Din briefly debated chasing after her, dragging her back to the tent, and tying her down as he threatened. He would make sure neither one of them got any rest.

The future gnawed at him. What would happen If they found the Jedi? When he inevitably had to give Grogu up, he already knew a part of him would never recover. But to give in to her and then give her up, lose both of them, go back to what he was before… Maybe living in the present as her Jedi teaching dictated was the less painful path.

Did he even want her? Kriff, of course, he wanted her. He wanted her right now. He wanted to cover her eyes so she couldn't see him, cover her mouth with his own, swallow down any sounds she made so the baby wouldn't wake up and fuck her until they couldn't remember their own names.

The weight of his helmet became too much. His armor pressed him down, down, down into the sand with each breath.

He could have had her tonight. Tomorrow be damned.
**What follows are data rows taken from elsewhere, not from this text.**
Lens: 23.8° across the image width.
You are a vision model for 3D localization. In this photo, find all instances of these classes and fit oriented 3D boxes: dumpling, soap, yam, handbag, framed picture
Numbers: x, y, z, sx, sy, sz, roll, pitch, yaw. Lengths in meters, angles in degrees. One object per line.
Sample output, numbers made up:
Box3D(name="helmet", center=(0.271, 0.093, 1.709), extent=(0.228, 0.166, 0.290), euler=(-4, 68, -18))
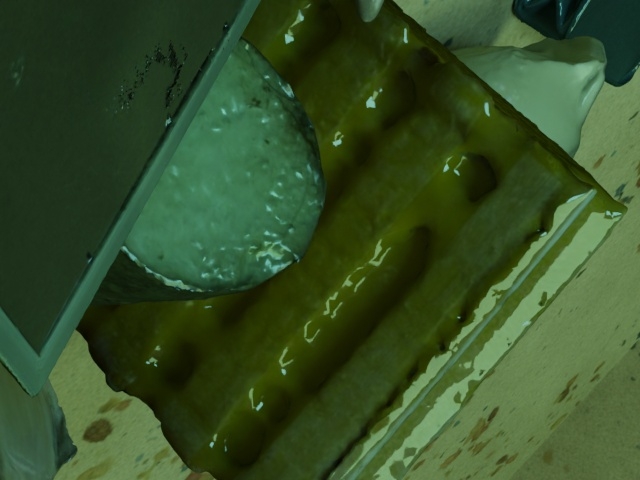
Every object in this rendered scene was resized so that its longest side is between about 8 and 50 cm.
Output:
Box3D(name="dumpling", center=(0.127, -0.095, 1.311), extent=(0.258, 0.147, 0.193), euler=(-42, -160, -13))
Box3D(name="soap", center=(0.000, 0.000, 1.059), extent=(0.335, 0.293, 0.156), euler=(-52, 158, 9))
Box3D(name="yam", center=(-0.130, -0.037, 0.849), extent=(0.161, 0.268, 0.161), euler=(1, 88, -38))
Box3D(name="handbag", center=(0.288, -0.244, 1.428), extent=(0.179, 0.062, 0.229), euler=(-52, 155, 11))
Box3D(name="framed picture", center=(-0.098, -0.096, 0.644), extent=(0.273, 0.016, 0.216), euler=(-63, 154, -26))

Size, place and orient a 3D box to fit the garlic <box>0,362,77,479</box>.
Box3D(name="garlic", center=(-0.274, 0.119, 0.956), extent=(0.143, 0.178, 0.229), euler=(-29, 148, 16))

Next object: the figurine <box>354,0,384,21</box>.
Box3D(name="figurine", center=(0.059, -0.252, 0.876), extent=(0.247, 0.177, 0.173), euler=(-55, 131, -8))
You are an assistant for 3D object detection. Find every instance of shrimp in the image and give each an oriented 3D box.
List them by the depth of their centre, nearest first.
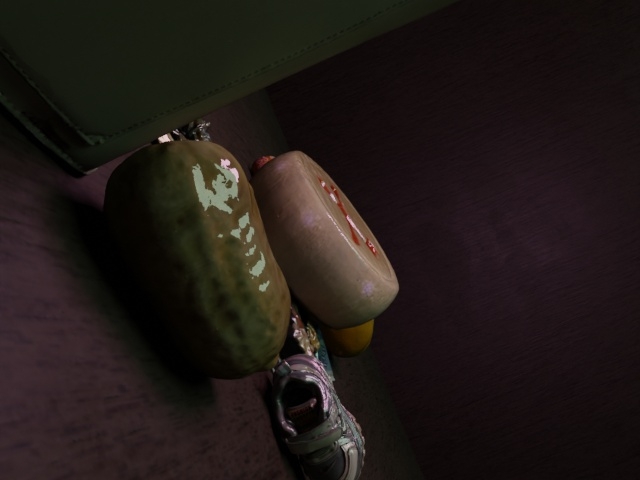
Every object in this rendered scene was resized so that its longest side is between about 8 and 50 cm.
[{"bbox_3d":[-0.185,-0.152,0.900,0.150,0.051,0.217,47,23,-56],"label":"shrimp"}]

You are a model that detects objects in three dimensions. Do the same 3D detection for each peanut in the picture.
[{"bbox_3d":[-0.094,0.026,0.594,0.137,0.122,0.253,-126,-168,-63],"label":"peanut"}]

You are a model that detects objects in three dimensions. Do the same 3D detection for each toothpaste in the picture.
[{"bbox_3d":[-0.032,0.139,1.287,0.069,0.047,0.268,108,-35,-71],"label":"toothpaste"}]

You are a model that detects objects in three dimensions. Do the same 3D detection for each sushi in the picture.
[{"bbox_3d":[-0.045,0.140,1.067,0.290,0.050,0.263,-90,156,-78],"label":"sushi"}]

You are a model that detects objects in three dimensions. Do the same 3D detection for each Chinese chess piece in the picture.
[{"bbox_3d":[0.000,0.000,1.237,0.338,0.141,0.338,49,12,-15],"label":"Chinese chess piece"}]

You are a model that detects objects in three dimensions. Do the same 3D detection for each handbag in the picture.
[{"bbox_3d":[-0.074,-0.212,0.490,0.236,0.359,0.160,62,5,-52],"label":"handbag"}]

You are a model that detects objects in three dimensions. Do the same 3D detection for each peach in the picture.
[{"bbox_3d":[0.045,0.146,1.565,0.251,0.153,0.250,-8,90,-78],"label":"peach"}]

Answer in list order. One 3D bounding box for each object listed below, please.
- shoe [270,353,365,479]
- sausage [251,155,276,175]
[{"bbox_3d":[-0.007,0.223,0.844,0.092,0.089,0.180,56,10,-74],"label":"shoe"},{"bbox_3d":[-0.091,-0.080,1.509,0.071,0.071,0.234,61,7,-56],"label":"sausage"}]
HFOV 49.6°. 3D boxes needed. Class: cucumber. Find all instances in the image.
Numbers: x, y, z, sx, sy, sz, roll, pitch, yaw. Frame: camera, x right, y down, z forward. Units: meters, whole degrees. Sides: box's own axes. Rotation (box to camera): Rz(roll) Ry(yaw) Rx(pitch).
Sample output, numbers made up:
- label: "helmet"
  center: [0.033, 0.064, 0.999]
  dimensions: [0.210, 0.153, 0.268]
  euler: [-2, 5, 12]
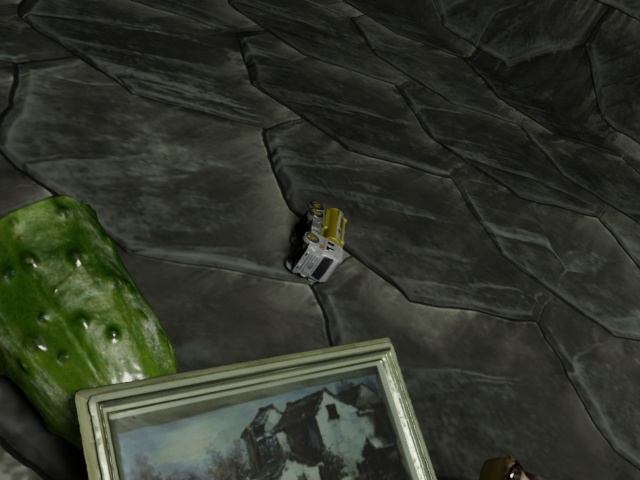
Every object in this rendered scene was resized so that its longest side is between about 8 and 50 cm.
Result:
- label: "cucumber"
  center: [-0.176, 0.087, 0.538]
  dimensions: [0.134, 0.134, 0.244]
  euler: [-15, 55, -47]

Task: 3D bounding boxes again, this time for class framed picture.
- label: "framed picture"
  center: [-0.014, 0.196, 0.510]
  dimensions: [0.296, 0.019, 0.232]
  euler: [-3, 68, -39]

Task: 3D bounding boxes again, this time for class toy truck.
- label: "toy truck"
  center: [0.000, 0.000, 0.853]
  dimensions: [0.062, 0.052, 0.123]
  euler: [28, 30, -12]

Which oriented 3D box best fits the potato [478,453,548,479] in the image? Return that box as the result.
- label: "potato"
  center: [0.211, 0.280, 0.611]
  dimensions: [0.261, 0.100, 0.120]
  euler: [30, 68, -24]
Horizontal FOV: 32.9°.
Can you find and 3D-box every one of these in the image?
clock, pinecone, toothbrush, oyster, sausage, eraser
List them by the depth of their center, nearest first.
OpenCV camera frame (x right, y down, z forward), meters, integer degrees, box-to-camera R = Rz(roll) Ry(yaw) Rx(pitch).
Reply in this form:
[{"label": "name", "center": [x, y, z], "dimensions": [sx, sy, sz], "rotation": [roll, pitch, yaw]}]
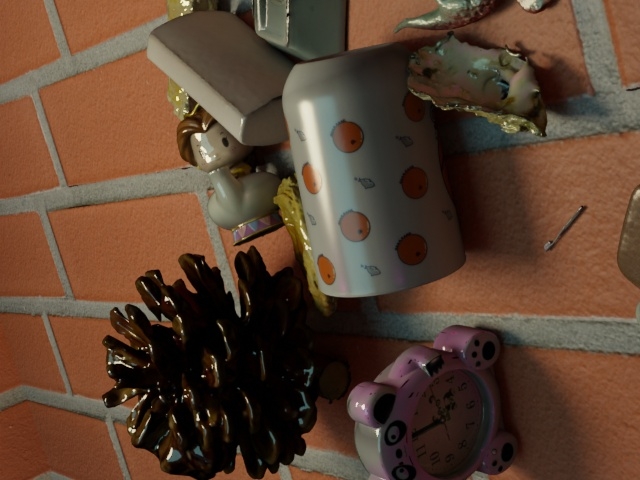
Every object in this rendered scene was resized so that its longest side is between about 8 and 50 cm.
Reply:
[{"label": "oyster", "center": [0.202, -0.193, 1.365], "dimensions": [0.209, 0.133, 0.072], "rotation": [12, 143, 27]}, {"label": "toothbrush", "center": [0.312, -0.016, 1.393], "dimensions": [0.008, 0.006, 0.097], "rotation": [57, 144, 22]}, {"label": "clock", "center": [0.159, 0.256, 1.538], "dimensions": [0.090, 0.248, 0.227], "rotation": [7, 114, 55]}, {"label": "eraser", "center": [-0.131, -0.262, 1.714], "dimensions": [0.270, 0.174, 0.095], "rotation": [44, 137, 31]}, {"label": "pinecone", "center": [-0.180, 0.195, 1.780], "dimensions": [0.398, 0.398, 0.397], "rotation": [30, 131, 42]}, {"label": "sausage", "center": [-0.053, 0.221, 1.964], "dimensions": [0.264, 0.083, 0.083], "rotation": [14, 119, 52]}]

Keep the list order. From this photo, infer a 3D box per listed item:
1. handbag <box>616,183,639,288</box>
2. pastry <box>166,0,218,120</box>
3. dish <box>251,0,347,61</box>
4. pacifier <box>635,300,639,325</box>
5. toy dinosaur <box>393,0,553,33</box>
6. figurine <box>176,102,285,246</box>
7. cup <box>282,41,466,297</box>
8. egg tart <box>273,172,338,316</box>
[{"label": "handbag", "center": [0.426, 0.022, 1.204], "dimensions": [0.193, 0.072, 0.151], "rotation": [40, 137, 33]}, {"label": "pastry", "center": [-0.223, -0.328, 1.874], "dimensions": [0.121, 0.089, 0.258], "rotation": [-128, 32, -55]}, {"label": "dish", "center": [-0.045, -0.379, 1.618], "dimensions": [0.182, 0.080, 0.243], "rotation": [32, 131, 41]}, {"label": "pacifier", "center": [0.380, 0.064, 1.131], "dimensions": [0.127, 0.116, 0.150], "rotation": [-120, 21, -62]}, {"label": "toy dinosaur", "center": [0.179, -0.303, 1.372], "dimensions": [0.167, 0.053, 0.242], "rotation": [54, 135, 8]}, {"label": "figurine", "center": [-0.151, -0.128, 1.832], "dimensions": [0.142, 0.189, 0.263], "rotation": [-24, 85, 12]}, {"label": "cup", "center": [0.067, -0.103, 1.498], "dimensions": [0.212, 0.212, 0.317], "rotation": [3, 110, 53]}, {"label": "egg tart", "center": [0.000, 0.000, 1.710], "dimensions": [0.241, 0.106, 0.241], "rotation": [162, 90, -85]}]

His hands curled into fists at his sides. If he could believe that, even for a heartbeat, he never would have stalked through downtown Mos Espa searching for her. Asked for her forgiveness, held his gods-damned breath until she was on the back of his speeder, just to keep her close…to know where she was, to know she was safe. She was a stubborn pebble in his shoe that he'd grown accustomed to and could no longer walk without its presence. "God damn it." He cursed at himself. She was more than that. Every time he watched her hold Grogu or touch him, he felt the universe collapsing in on him. He had seen what could be. Younglings. Someone to share his life with. A future. His Creed dictated that what he did, he did for the future. For the future of his adopted people, his culture, his clan.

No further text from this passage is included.